─── Records provided ───

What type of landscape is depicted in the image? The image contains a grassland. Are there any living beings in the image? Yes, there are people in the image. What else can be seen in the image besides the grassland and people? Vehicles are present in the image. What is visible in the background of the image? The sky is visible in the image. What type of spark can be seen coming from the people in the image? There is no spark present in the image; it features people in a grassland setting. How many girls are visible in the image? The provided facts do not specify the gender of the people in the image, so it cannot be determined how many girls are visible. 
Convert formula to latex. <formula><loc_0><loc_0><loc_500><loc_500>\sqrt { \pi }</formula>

───
─── Records provided ───

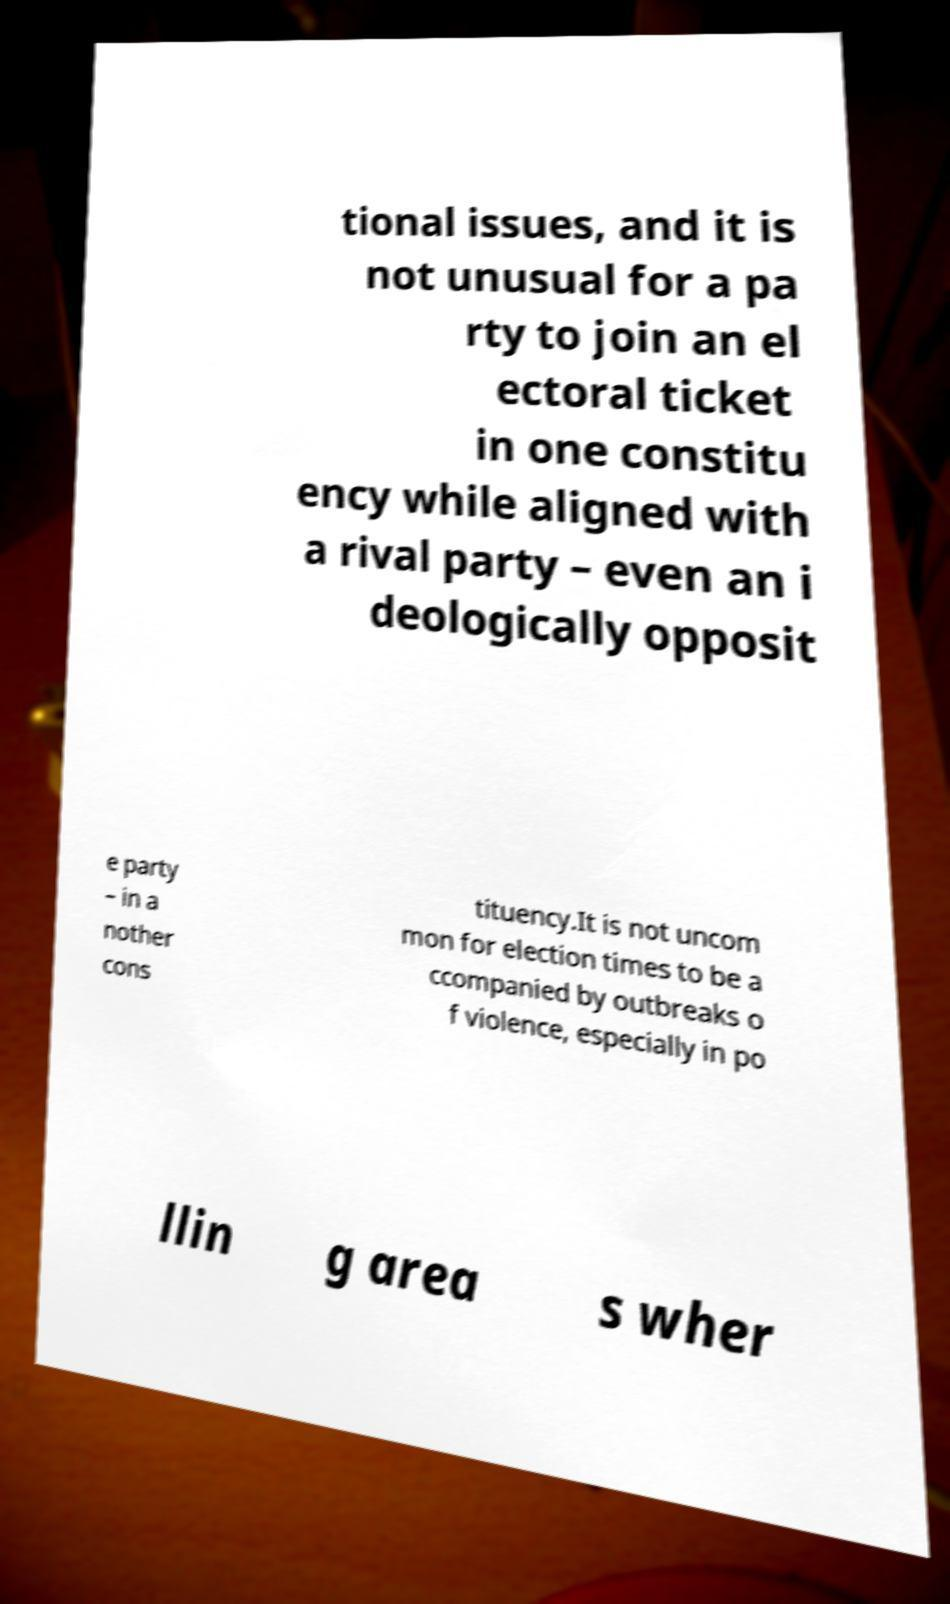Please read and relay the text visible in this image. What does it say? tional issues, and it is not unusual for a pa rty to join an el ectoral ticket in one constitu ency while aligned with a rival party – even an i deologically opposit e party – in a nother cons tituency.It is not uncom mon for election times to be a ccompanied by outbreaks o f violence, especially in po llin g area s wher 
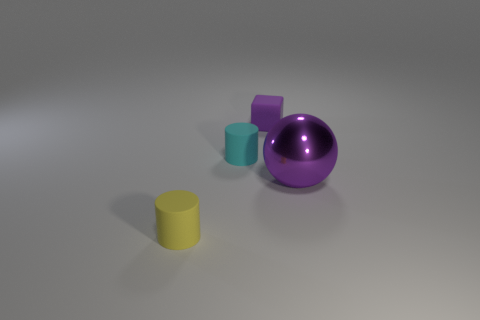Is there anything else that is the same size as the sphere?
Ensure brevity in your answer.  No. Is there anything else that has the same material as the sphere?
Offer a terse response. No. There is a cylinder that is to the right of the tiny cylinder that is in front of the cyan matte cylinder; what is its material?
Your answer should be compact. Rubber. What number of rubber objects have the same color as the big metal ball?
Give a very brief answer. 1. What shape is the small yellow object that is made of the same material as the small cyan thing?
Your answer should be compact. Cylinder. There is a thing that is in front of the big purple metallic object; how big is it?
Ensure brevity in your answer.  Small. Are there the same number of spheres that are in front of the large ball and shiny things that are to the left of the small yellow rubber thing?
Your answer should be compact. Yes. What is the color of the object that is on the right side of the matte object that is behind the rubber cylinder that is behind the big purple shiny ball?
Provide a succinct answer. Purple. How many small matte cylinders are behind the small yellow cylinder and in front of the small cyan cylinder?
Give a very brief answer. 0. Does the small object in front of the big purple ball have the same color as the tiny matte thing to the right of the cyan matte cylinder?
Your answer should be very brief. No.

───

Task goal:
Return the lines above from the one with "Please read and" through the one with "Is there anything else that is", verbatim and nothing else. Omit every picture.

Solved problem:
Please read and relay the text visible in this image. What does it say? tional issues, and it is not unusual for a pa rty to join an el ectoral ticket in one constitu ency while aligned with a rival party – even an i deologically opposit e party – in a nother cons tituency.It is not uncom mon for election times to be a ccompanied by outbreaks o f violence, especially in po llin g area s wher 
Is there anything else that is the same size as the sphere?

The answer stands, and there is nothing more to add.